_What you will do_
Every line below that contains the word "degrees" must be copied.

_Input data_
▼

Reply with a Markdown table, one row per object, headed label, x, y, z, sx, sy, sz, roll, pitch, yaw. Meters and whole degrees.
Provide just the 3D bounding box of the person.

▲
▼

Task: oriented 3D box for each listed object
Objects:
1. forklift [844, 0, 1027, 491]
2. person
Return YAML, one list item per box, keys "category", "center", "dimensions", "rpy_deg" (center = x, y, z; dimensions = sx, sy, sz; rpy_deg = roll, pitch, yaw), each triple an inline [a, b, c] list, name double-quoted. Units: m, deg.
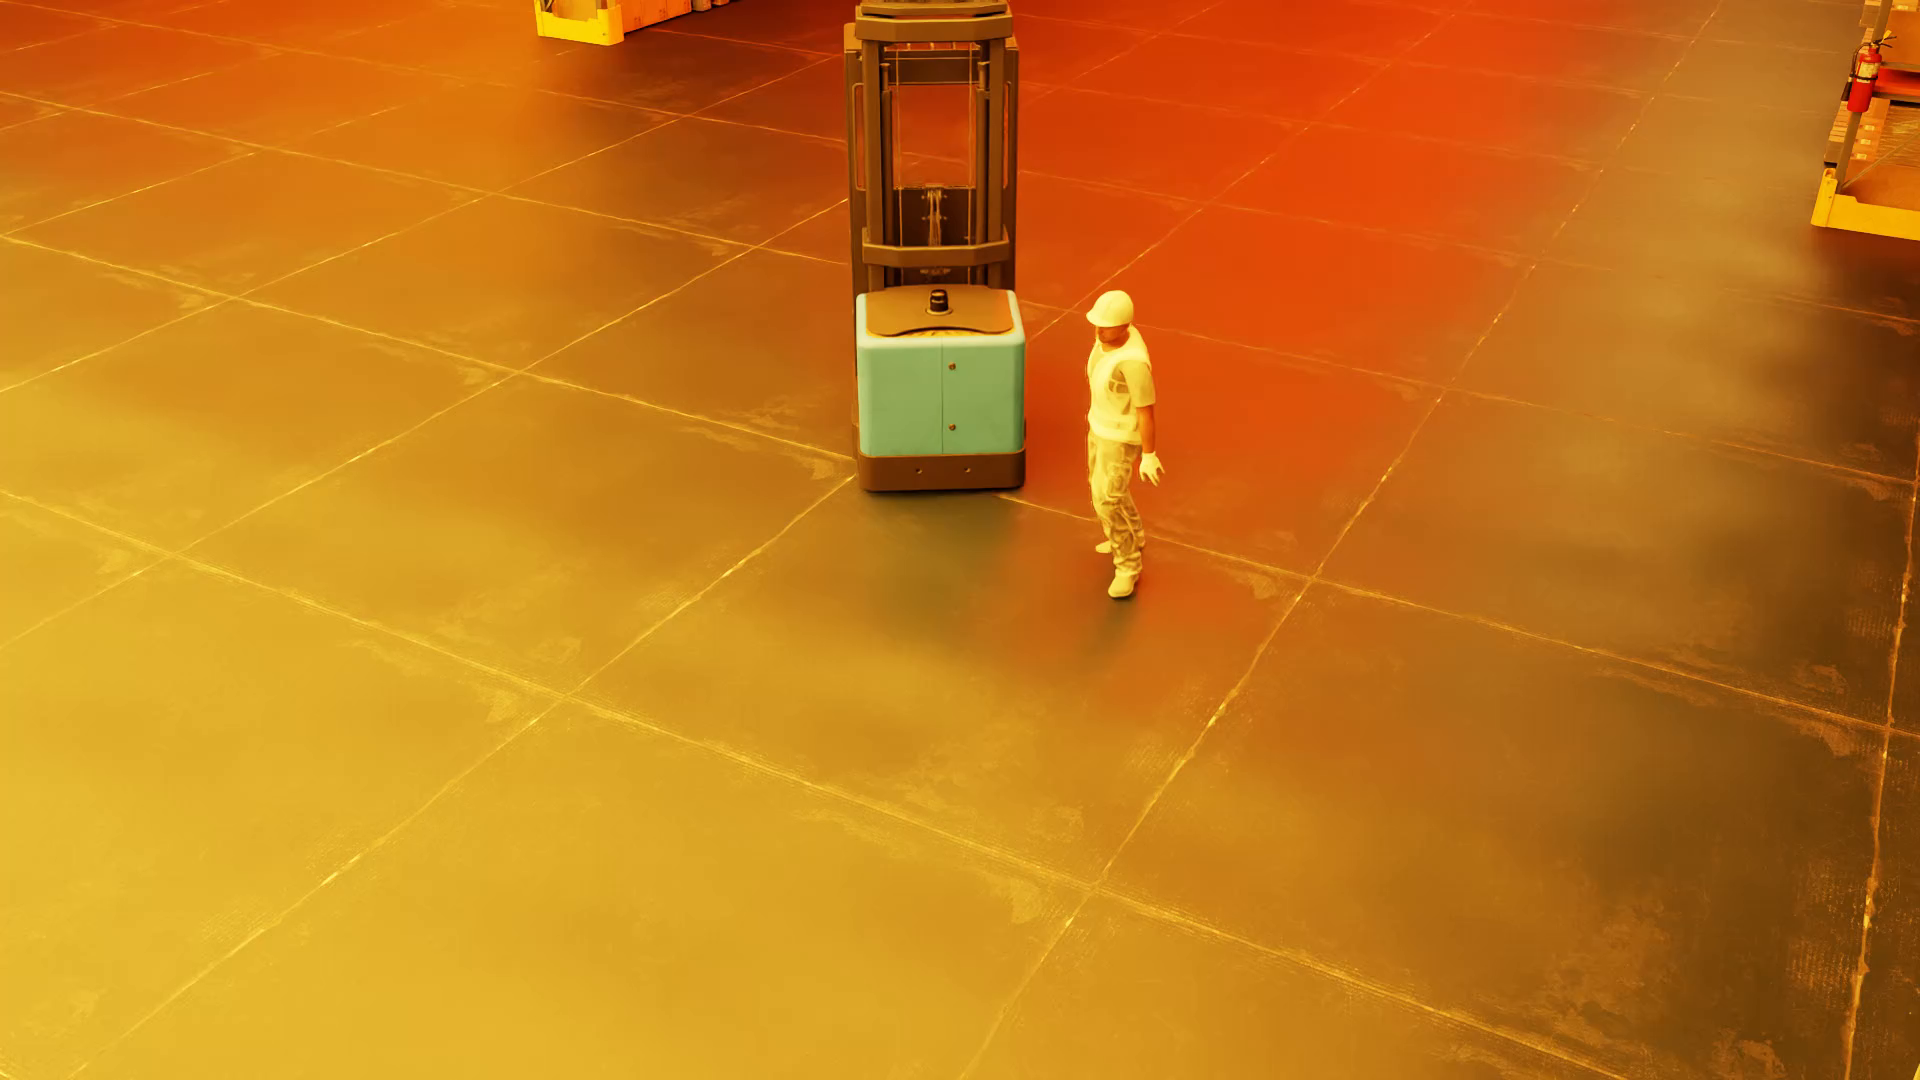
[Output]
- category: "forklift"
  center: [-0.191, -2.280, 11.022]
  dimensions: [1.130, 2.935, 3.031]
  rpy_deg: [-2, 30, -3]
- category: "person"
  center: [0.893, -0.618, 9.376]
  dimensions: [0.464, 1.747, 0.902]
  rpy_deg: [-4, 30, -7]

▲
▼

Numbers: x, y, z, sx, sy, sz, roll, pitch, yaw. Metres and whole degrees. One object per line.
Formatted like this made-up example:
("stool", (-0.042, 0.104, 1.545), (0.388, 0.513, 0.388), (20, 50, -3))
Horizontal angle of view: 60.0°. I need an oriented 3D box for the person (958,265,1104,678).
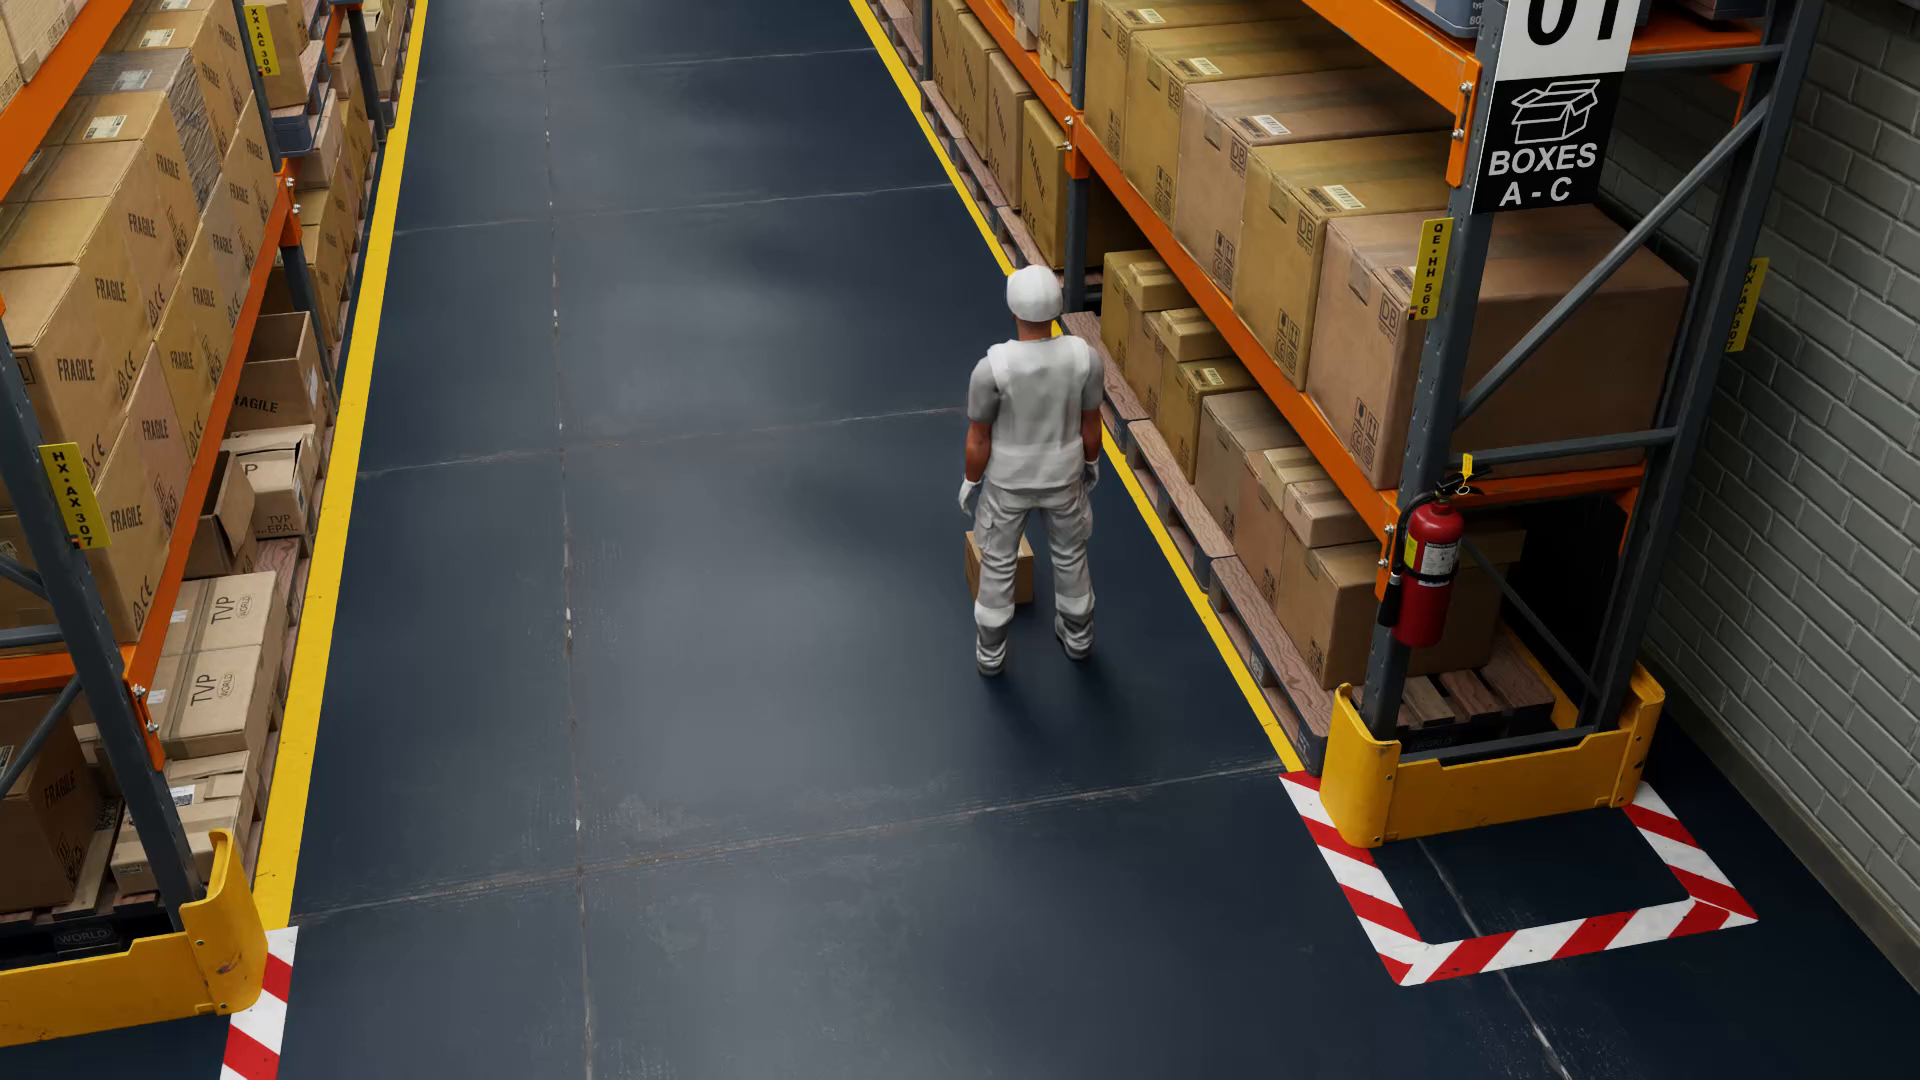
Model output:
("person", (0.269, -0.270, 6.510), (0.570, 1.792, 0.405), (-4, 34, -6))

▲

_Written answer_
Reply with a Markdown table, one row per object, headed label, x, y, z, sx, sy, sz, roll, pitch, yaw. Meters and whole degrees.
Numbers: x, y, z, sx, sy, sz, roll, pitch, yaw. Metres and whole degrees. One object per line.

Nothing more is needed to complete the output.